** Data to use follows **

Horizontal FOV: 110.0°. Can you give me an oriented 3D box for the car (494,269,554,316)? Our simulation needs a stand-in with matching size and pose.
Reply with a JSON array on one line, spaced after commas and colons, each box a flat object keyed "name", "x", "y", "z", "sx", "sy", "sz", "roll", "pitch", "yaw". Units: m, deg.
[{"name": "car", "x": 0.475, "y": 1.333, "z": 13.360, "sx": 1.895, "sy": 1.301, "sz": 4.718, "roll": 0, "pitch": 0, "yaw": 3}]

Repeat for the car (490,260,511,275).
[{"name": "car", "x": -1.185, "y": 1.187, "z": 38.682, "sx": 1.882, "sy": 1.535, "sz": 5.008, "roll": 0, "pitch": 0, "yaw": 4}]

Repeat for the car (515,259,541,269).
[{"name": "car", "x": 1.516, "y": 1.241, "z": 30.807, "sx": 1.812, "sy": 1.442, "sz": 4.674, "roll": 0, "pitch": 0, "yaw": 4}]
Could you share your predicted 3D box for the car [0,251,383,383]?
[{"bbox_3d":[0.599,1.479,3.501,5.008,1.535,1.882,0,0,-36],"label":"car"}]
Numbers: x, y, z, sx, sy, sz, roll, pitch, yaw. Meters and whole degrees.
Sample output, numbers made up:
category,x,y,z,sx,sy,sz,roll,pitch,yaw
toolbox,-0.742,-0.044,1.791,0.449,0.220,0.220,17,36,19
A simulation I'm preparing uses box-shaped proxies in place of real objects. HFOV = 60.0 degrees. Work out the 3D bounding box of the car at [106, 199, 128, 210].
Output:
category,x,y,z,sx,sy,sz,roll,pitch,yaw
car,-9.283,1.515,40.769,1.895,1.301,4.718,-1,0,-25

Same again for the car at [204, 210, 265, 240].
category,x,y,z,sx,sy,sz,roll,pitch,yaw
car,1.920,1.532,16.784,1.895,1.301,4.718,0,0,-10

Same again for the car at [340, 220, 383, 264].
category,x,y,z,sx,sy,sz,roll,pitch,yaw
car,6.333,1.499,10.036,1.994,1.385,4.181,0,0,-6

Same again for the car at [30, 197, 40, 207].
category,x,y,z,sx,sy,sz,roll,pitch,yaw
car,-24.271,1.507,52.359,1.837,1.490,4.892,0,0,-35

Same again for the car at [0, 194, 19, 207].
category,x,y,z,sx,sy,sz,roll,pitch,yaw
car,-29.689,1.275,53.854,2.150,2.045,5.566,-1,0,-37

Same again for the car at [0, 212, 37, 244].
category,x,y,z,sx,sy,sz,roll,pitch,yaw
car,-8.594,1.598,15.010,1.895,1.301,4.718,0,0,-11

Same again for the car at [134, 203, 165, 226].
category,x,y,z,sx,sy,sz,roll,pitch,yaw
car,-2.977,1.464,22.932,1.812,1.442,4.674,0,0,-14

** End of Data to use **

Your answer must be the line holding "A simulation I'm" and every later line of the entries above, written out exactly, and nothing else.

A simulation I'm preparing uses box-shaped proxies in place of real objects. HFOV = 60.0 degrees. Work out the 3D bounding box of the car at [106, 199, 128, 210].
Output:
category,x,y,z,sx,sy,sz,roll,pitch,yaw
car,-9.283,1.515,40.769,1.895,1.301,4.718,-1,0,-25

Same again for the car at [204, 210, 265, 240].
category,x,y,z,sx,sy,sz,roll,pitch,yaw
car,1.920,1.532,16.784,1.895,1.301,4.718,0,0,-10

Same again for the car at [340, 220, 383, 264].
category,x,y,z,sx,sy,sz,roll,pitch,yaw
car,6.333,1.499,10.036,1.994,1.385,4.181,0,0,-6

Same again for the car at [30, 197, 40, 207].
category,x,y,z,sx,sy,sz,roll,pitch,yaw
car,-24.271,1.507,52.359,1.837,1.490,4.892,0,0,-35

Same again for the car at [0, 194, 19, 207].
category,x,y,z,sx,sy,sz,roll,pitch,yaw
car,-29.689,1.275,53.854,2.150,2.045,5.566,-1,0,-37

Same again for the car at [0, 212, 37, 244].
category,x,y,z,sx,sy,sz,roll,pitch,yaw
car,-8.594,1.598,15.010,1.895,1.301,4.718,0,0,-11

Same again for the car at [134, 203, 165, 226].
category,x,y,z,sx,sy,sz,roll,pitch,yaw
car,-2.977,1.464,22.932,1.812,1.442,4.674,0,0,-14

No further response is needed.